Personne n’échappe à la folie actuelle des NFT. Bien que pour la première fois apparus en 2014, beaucoup de projets ont été initiés en 2020 et il faut s’attendre à ce que davantage voient le jour en 2022. Comment s’y retrouver dans ce Far West de la technologie de la blockchain ? Quelles sont les raisons d’une telle expansion et comment s’exposer à ce marché sans tomber dans les pièges liés à la multitude de l’offre ? Tant de questions pour un investisseur non initié à cette technologie qui méritent une attention particulière. Je vous propose ici de survoler les risques et opportunités liés à cette technologie.

Les raisons du boom des NFT

Les NFT (Non Fungible Token, ou token non fongible) sont l’équivalent de certificats d’authenticité numériques stockés dans la blockchain. Cela signifie que l’on peut détenir et prouver l’appartenance d’un bien numérique grâce à cette technologie.
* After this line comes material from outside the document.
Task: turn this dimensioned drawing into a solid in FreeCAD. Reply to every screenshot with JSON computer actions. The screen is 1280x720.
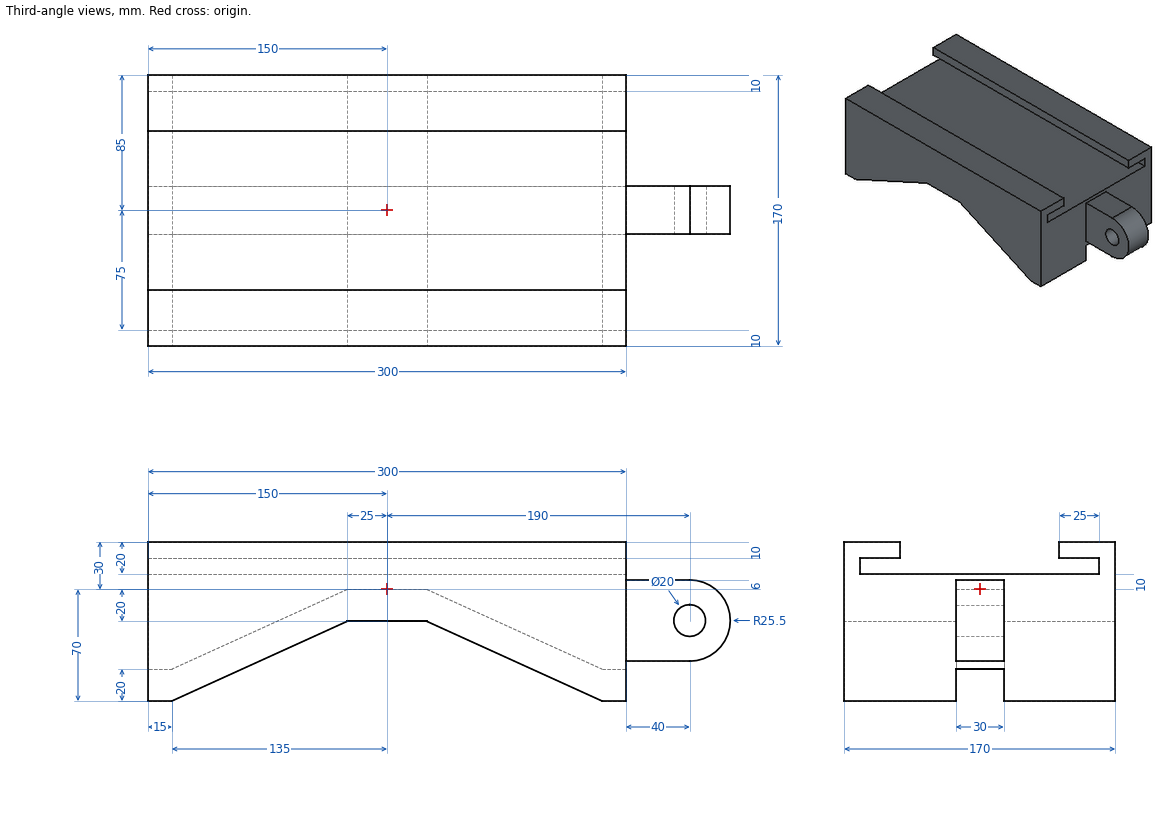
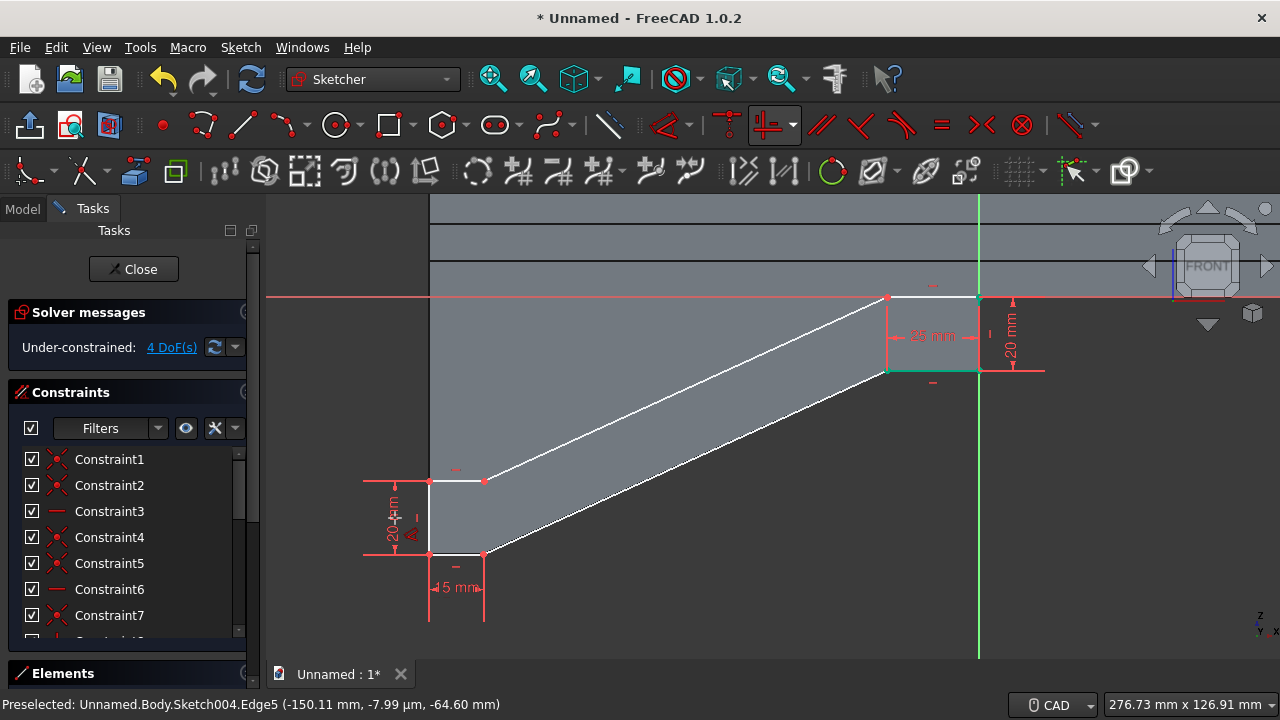
{"action": "left_click", "coordinate": [445, 481]}
{"action": "left_click", "coordinate": [469, 515]}

La fongibilité c’est pouvoir interchanger un bien avec un autre. Une pièce d’un euro est par définition fongible, car toutes les pièces sont les mêmes et peuvent être interchangées. A l’inverse, un bien immobilier ou une œuvre d’art sont définis comme non fongibles car ils possèdent leurs propres caractéristiques non interchangeables.

Une des premières raisons à la croissance phénoménale des NFT est sa facilité de compréhension par le commun des mortels. Nul besoin de savoir comment fonctionne la blockchain pour comprendre le fonctionnement d’un certificat d’authenticité et comment en acheter. Les NFT sont donc un des premiers cas d’usage facile d’accès de la blockchain, qui l’ont rendue « tendance et cool ».
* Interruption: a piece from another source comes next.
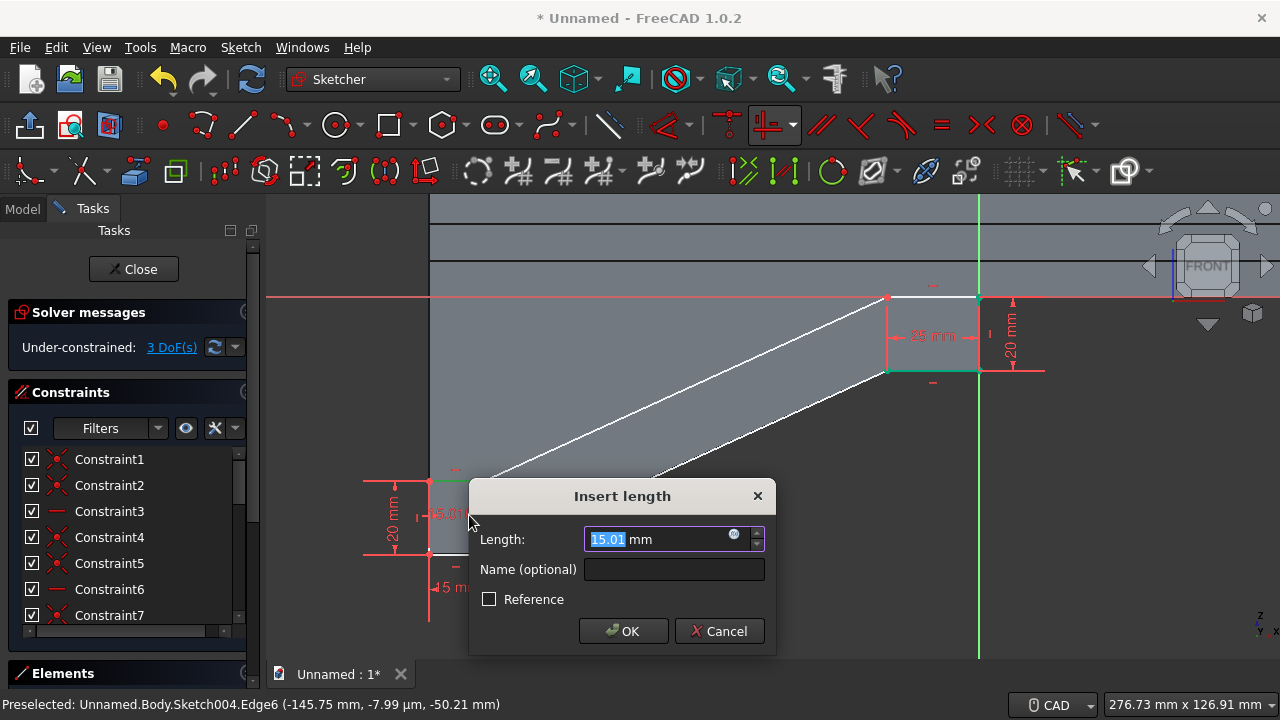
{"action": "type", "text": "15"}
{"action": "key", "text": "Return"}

Aujourd’hui, la facilité d’accès à la technologie de la blockchain permet de créer un ensemble de NFT (généralement entre 1 et 10 000 pièces) aussi facilement que développer un token. Pour preuve, j’ai développé mon propre token en quelques heures … et je ne suis pas développeur ! N’importe qui peut donc créer son propre NFT et le revendre au prix qu’il souhaite. Tout comme nous avons pu observer l’explosion de nouvelles cryptomonnaies (voir article ici), il en va de même avec l’explosion du nombre de NFT sur le marché. Le volume de transaction de NFT a augmenté de plus de 40 000% en 2021.
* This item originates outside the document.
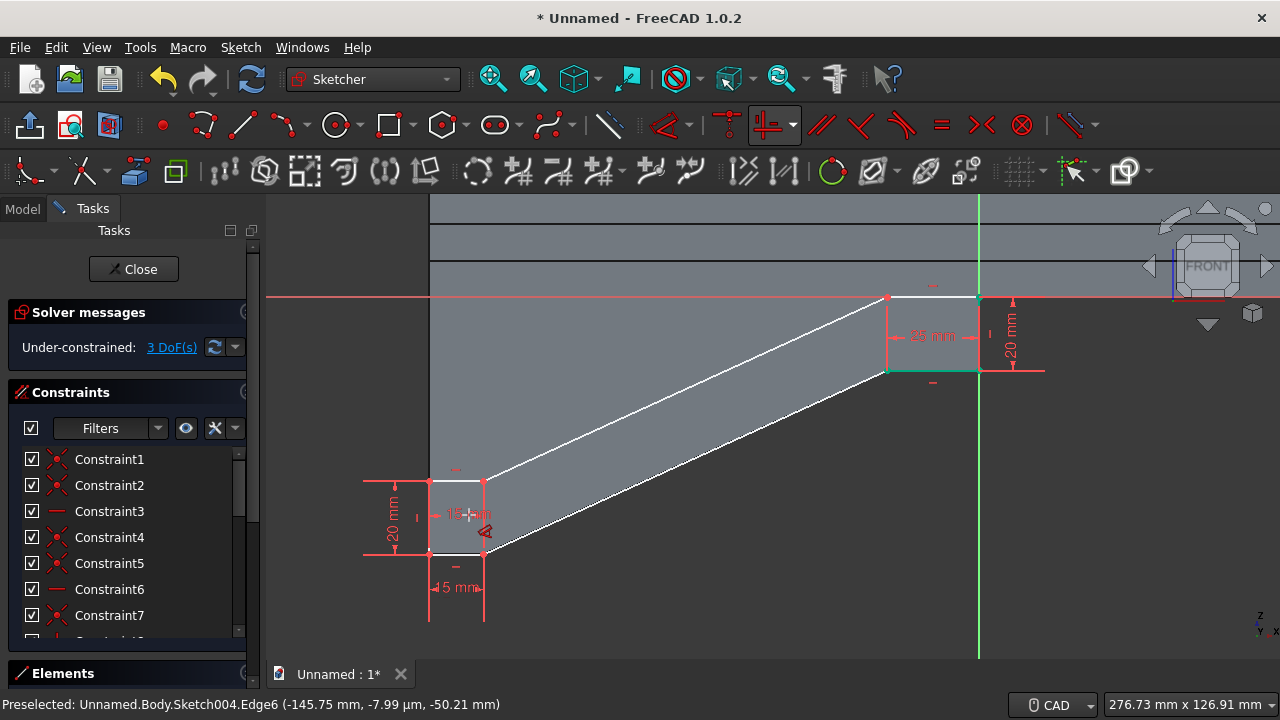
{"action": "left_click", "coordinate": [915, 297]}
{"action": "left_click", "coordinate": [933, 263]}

A savoir que ce n’est pas l’image du NFT qui est stocké dans la blockchain, mais le Hash (code référentiel) du NFT. Le hash est une suite de nombre et de lettre unique, c’est l’empreinte ADN de l’actif qui sera stocké dans la blockchain et qui sera rattachée au NFT. Les images des NFT sont donc généralement centralisées sur des bases de données externes à la blockchain.

Mais comment justifier les prix ?

Tout comme Bitcoin, les NFT valent ce que les acheteurs sont prêts à payer pour en acquérir.

Les principaux projets NFT sont développés sur la blockchain Ethereum (Ethers – ETH), c’est la deuxième plus grande cryptomonnaie en termes de capitalisation boursière. Durant son ICO (Initial Coin Offering) en 2014, un ETH valait environ 0.25 dollars (exactement 2000 ETH pour un BTC au début de la prévente, pour finir à 1337 ETH par BTC).

Des prix relativement bons marchés pour certains investisseurs

Certains investisseurs, très en amont du projet Ethereum, ont pu acheter d’énormes quantités d’Ethers pour un prix très peu cher, par exemple 2 000ETH pour 1000$. En sachant le cours de l’Ether fluctue entre 3 000$ et 4 000$, cet investissement représente aujourd’hui une somme de l’ordre 7 000 000$.

Pour ces « early investors », acheter un NFT aujourd’hui pour une somme de 100ETH ne représente donc pas un investissement colossal. Sans compter que ces investisseurs ont probablement pu faire fructifier leurs Ethers grâce aux rendements générés par la technologie blockchain durant toutes ces années.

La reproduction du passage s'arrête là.